--- Supplied data Enclosed Below ---
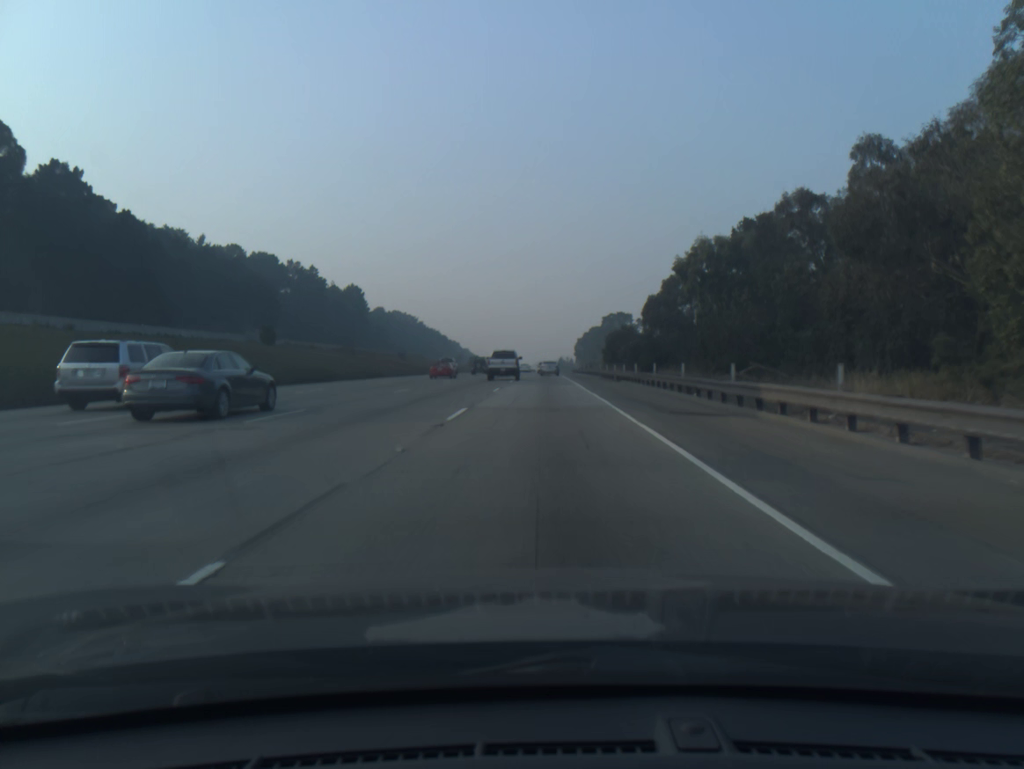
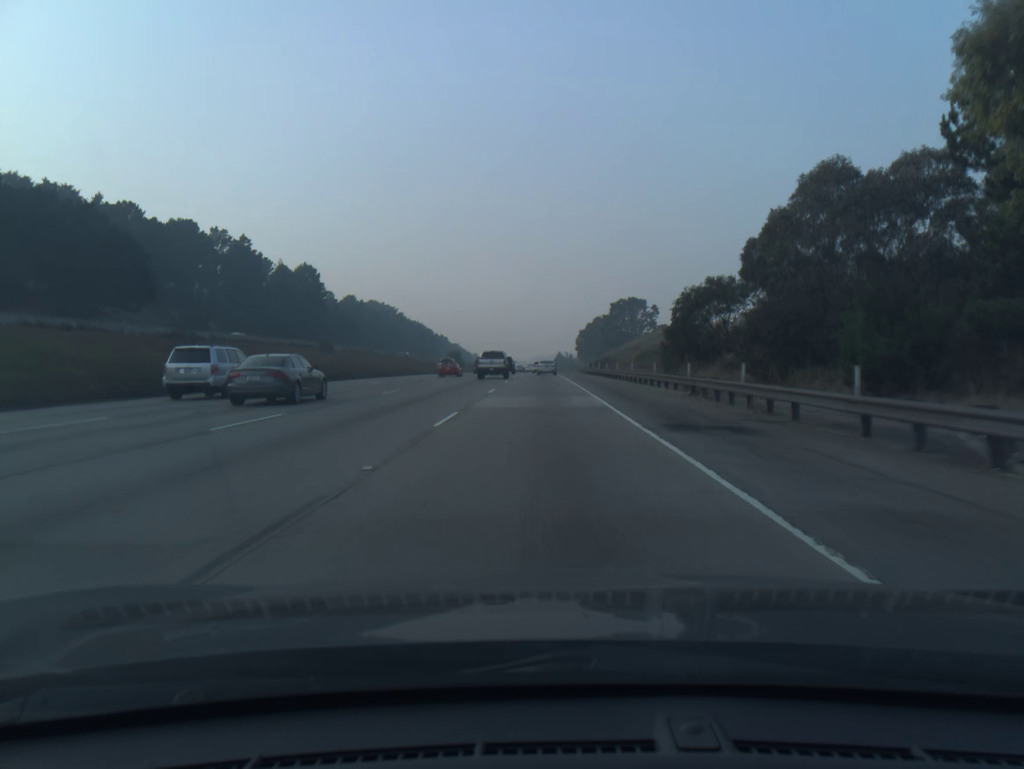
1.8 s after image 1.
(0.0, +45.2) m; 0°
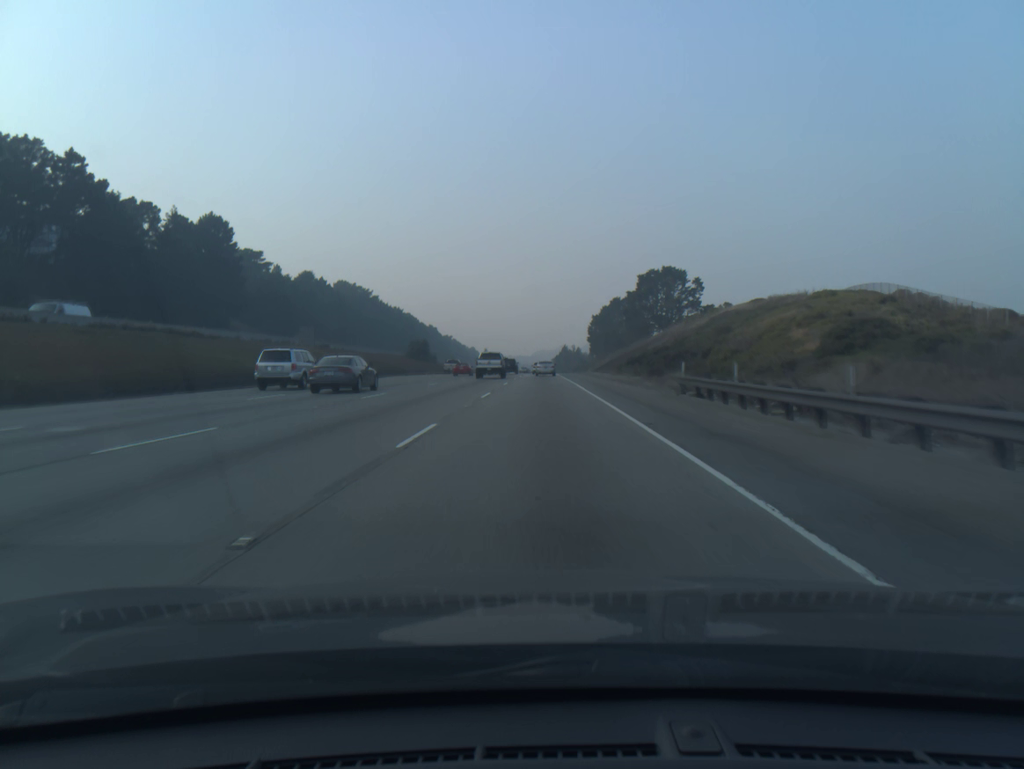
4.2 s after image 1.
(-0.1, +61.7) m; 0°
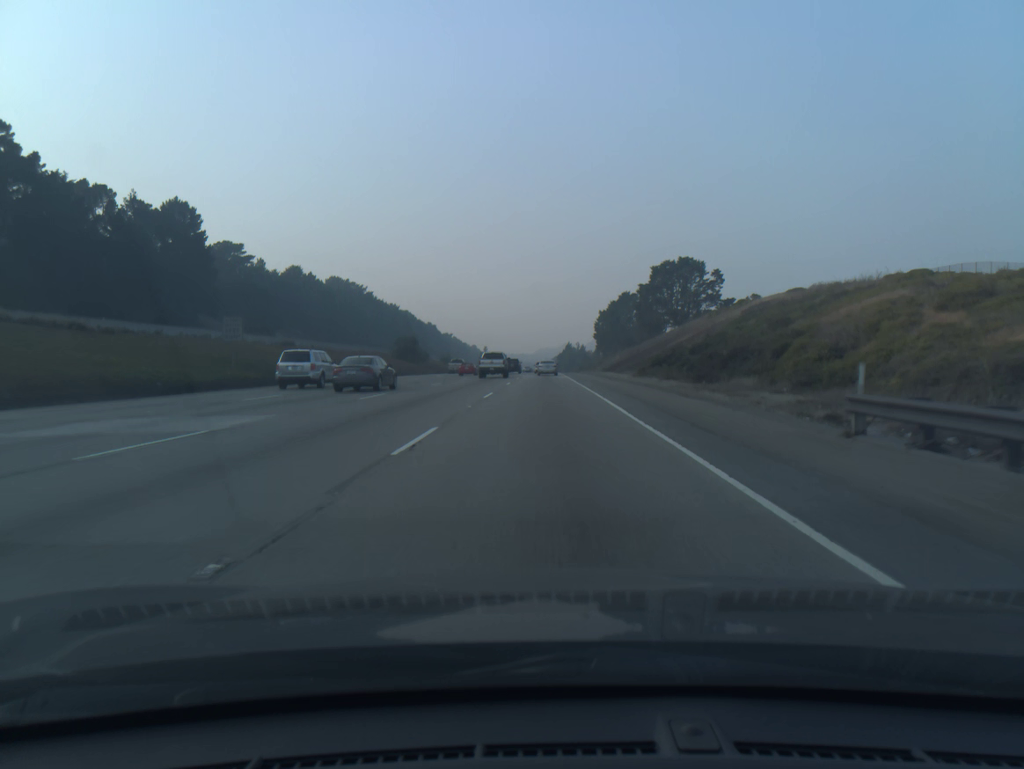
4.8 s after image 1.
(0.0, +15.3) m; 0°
--- End of Enclosed Supplied data ---
Above are the records; copy every one of them exactly and omit the images.

1.8 s after image 1.
(0.0, +45.2) m; 0°
4.2 s after image 1.
(-0.1, +61.7) m; 0°
4.8 s after image 1.
(0.0, +15.3) m; 0°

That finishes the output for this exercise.